Designing a blog has been a learning process and I find new ways to improve my blog almost every week. Today I was tweaking the design on my blog and realized I never created an About page for this blog (now I do so you can read a bit about me and my blog). When I started this blog about 3 months ago I wasn’t sure what to expect or how long it would keep my interest. Now I have 2 other blogs in addition to this one (one for photography, one for poetry) and enjoy writing almost every day.
I’d attempted to start a blog years ago on a different platform but didn’t receive any follows, likes, or any type of feedback so I gave up after about a month. When I decided to start a blog I almost went back to the platform I’d tried before but instead decided to do some research (always the savvy shopper) and everything seemed to lead me to WordPress. I was pleased to find it easy to use plus I began to receive feedback almost immediately, which spurred me to continue writing.
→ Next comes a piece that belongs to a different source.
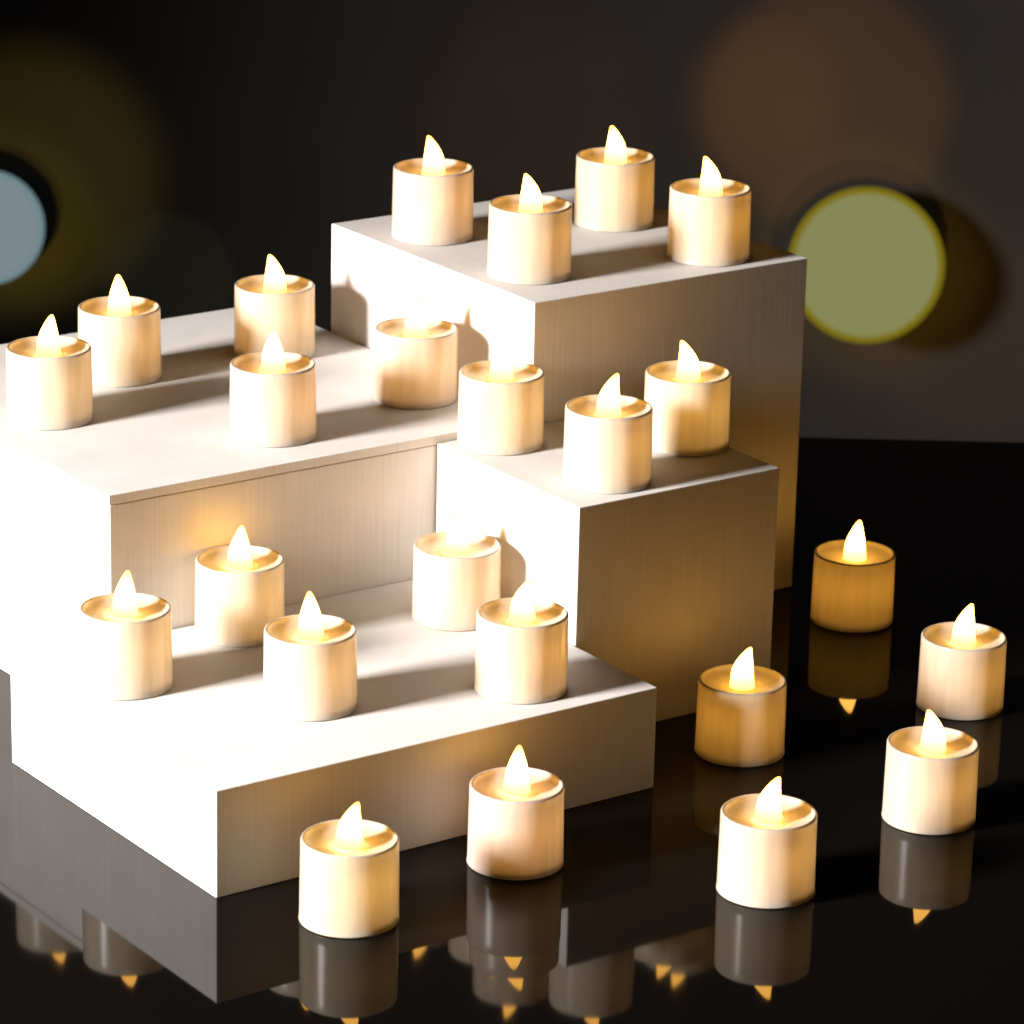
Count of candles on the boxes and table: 24
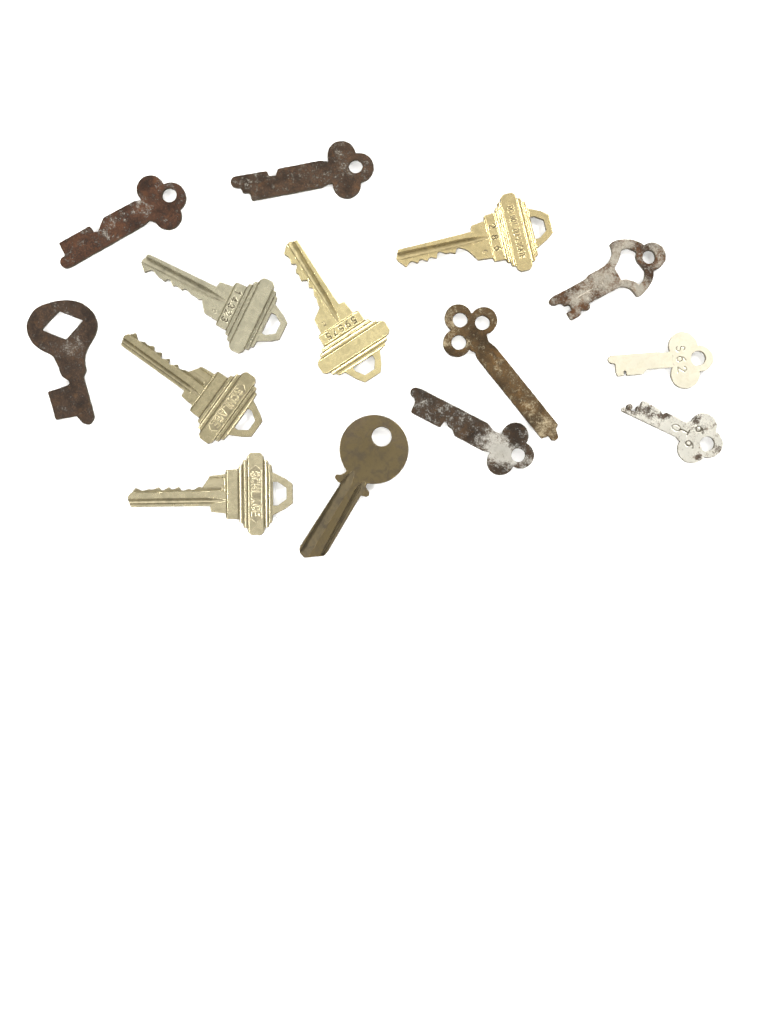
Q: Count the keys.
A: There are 14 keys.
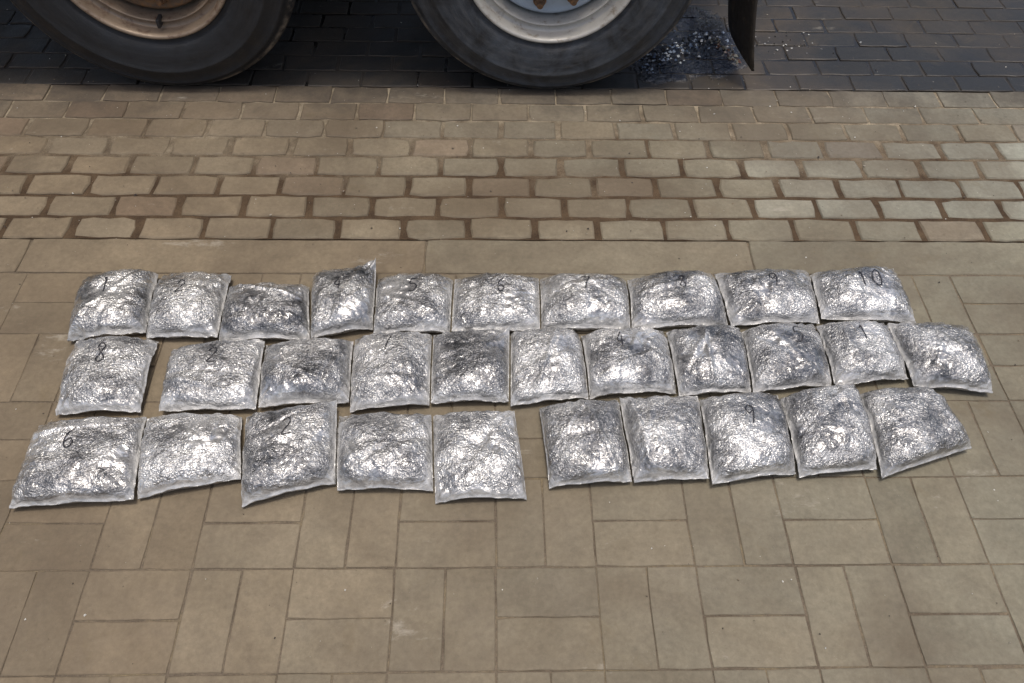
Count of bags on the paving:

I’ve found the blogging community to be tremendously supportive and I’m grateful for all my followers who comment, like, and help keep me going 🙂 Thank you!
Closing the store was my first post. At the time I wasn’t sure what was going to happen next but I knew I was starting a journey of drastic change. I was scared but optimistic and this still describes how I feel, even though I’m still not sure where I’m going I know I’m headed in the right direction.
I often compared my job to a relationship and when any relationship ends there’s always time for reflection.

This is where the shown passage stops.